Seriously, between us we have travelled to every country in the Caribbean, poor, medium, big, small, and one of the questions that always stumps us is this: How come, after 40-odd years of Independence and gazillions of dollars, it is only in Guyana that the water deliberately chooses to be brown with questionable things occasionally wriggling? Leaving aside for a moment the ‘we-have-more-silt-than-you-with-all-your-canals-that-you-call-rivers’ explanation, we refuse to blame the government or Guyana Water Incorporated (GWI). They are all pretty decent guys who travel all over the world busting their behinds for the Golden Arrowhead and when they get back they just do not have daily experience of it. They deserve the best as they are working so hard, you see. It’s not really their fault if you cannot afford the bottled stuff. Get a better paying job you lazy layabouts, then you can have crystal clear spring water from the upper reaches of the mercury-free Mazaruni too…

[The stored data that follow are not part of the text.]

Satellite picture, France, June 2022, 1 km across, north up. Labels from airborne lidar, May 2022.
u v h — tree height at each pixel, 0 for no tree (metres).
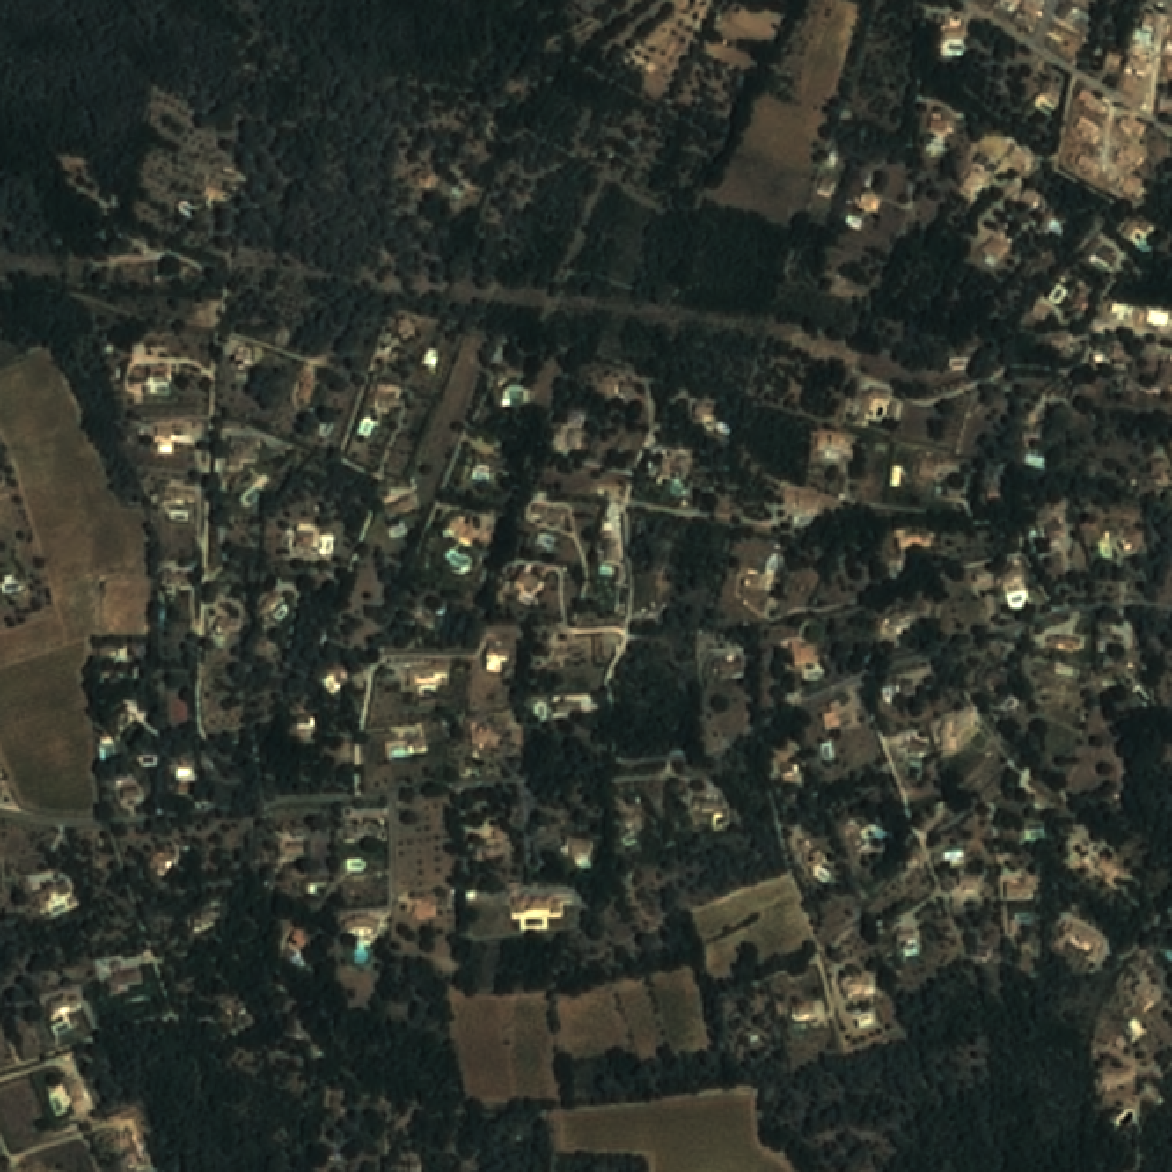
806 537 8
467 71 9
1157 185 10
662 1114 0
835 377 9
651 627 9
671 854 8
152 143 8
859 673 12
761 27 0
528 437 11
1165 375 0
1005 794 8
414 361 6
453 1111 10
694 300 7
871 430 6
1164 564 21
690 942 12
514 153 13
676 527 8
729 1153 0
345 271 19
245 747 14
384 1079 13
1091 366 12
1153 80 0
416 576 13
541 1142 15
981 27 14
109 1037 15
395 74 8
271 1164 17
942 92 12
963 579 11
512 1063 0
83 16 11
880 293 13
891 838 12
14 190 24
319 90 9
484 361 12
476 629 19
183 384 10
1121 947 11
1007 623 8
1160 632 21
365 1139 18
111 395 13
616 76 13
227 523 17
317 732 9
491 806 8
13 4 13
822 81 0
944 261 10
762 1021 9
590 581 6
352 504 13
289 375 18
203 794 18
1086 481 12
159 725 19
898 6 7
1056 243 7
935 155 0
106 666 12
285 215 13
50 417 0
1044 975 8
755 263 9
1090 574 9
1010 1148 8
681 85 11
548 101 11
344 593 8
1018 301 7
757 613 0
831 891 13
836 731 7
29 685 0
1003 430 19
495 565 13
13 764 0
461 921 11
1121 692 14
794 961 15
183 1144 14
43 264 0
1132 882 12
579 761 18
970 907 7
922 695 8
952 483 11
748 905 0
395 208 11
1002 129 8
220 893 8
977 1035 11
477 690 0
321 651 16
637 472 9
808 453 10
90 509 0
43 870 8
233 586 8
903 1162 9
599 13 9
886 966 9
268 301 8
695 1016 0
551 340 12
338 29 8
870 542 15
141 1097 15
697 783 7
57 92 11
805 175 0
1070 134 0
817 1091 18
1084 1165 11
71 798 0
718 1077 6
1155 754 14
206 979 15
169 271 14
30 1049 0
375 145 20
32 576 8
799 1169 10
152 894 9
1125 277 7
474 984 12
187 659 11
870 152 20
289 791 12
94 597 0
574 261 8
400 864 0
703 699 14
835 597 0
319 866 22
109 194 9
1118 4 7
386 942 9
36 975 14
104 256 12
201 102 14
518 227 20
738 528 7
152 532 11
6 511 0
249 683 17
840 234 9
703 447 9
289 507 13
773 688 7
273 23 13
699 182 8
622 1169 11
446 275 18
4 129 7
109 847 7
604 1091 18
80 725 0
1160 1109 7
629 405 7
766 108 0
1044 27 0
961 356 8
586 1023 0
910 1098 20
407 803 7
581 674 0
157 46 8
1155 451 6
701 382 7
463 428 9
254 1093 10
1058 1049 9
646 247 7
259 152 19
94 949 6
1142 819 11
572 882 11
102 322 8
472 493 8
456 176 8
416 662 0
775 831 11
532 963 9
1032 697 16
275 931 11
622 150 13
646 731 13
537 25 14
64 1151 0
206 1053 11
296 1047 7
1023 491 13
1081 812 9
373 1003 10

Don’t even let us go into the accumulating loss of lovely white laundry that seems to acquire a nice rust shade in a matter of weeks or months (depending on how good or bad a week GWI is having).  How many of you get really angry or blasted vex about this? Never mind about how expensive clothes are. Think about it, if we wanted rust/tan coloured clothing, we’d buy them alright, Mr. Fancy Water Engineer! We don’t want GWI becoming our clothes colour co-ordinator too, OK?. We are paying good money for this stuff, so deliver the goods but hold the fauna and flora please! Now we just have to pop over to the lovely Bhena shoe shop to find some nice tan shoes to match our new…er …‘tan’ wardrobe. Some of it doesn’t look too bad, come to think of it. And what of ever so nice, unfailingly polite Guyanese friends and acquaintances when we mention the new tan wardrobe? Zilch. Nada. Zero.  We’re like, how come you guys avoid buying white clothes, it’s a beautiful tropical country, you should be wearing more white, or is that…er…tan?

When we are also in Guyana we look to eat healthy and it’s true we all need protein in our diets every day. But we never thought we would be getting it from our taps. Having nightmares now since the story of that poor old lady in Corentyne whose tap recently offered up a dead snake and big worm on different days. Not sure, did she ever get a rebate from GWI for introducing ‘wildlife’ into the deal? Memo to GWI: Leave wildlife issues to the Zoo, okay?

We know your President sympathizes with us visitors to your lovely brown shores, referring only last week to Prime Ministers Golding, Manning et al constantly moaning about leaky air conditioning units flooding their rooms last Summit. He might like this story: Two visiting consultants ran down, ashen-faced and in a panic to the front desk of a well known Georgetown hotel informing the staff that there was a grave problem in their bathroom. The receptionist went up, the consultant opened the tap, the brown stuff flowed out, a bit puzzled by now the receptionist asks, ‘And what is the problem?”, and went back down complaining to his amused colleagues about finicky tourists. As they hurried out of the hotel in a huff, the receptionist, in his best American accent said, ‘Have a lovely stay in our beautiful country, guys!’…Hmmm…Guyana…..We love you!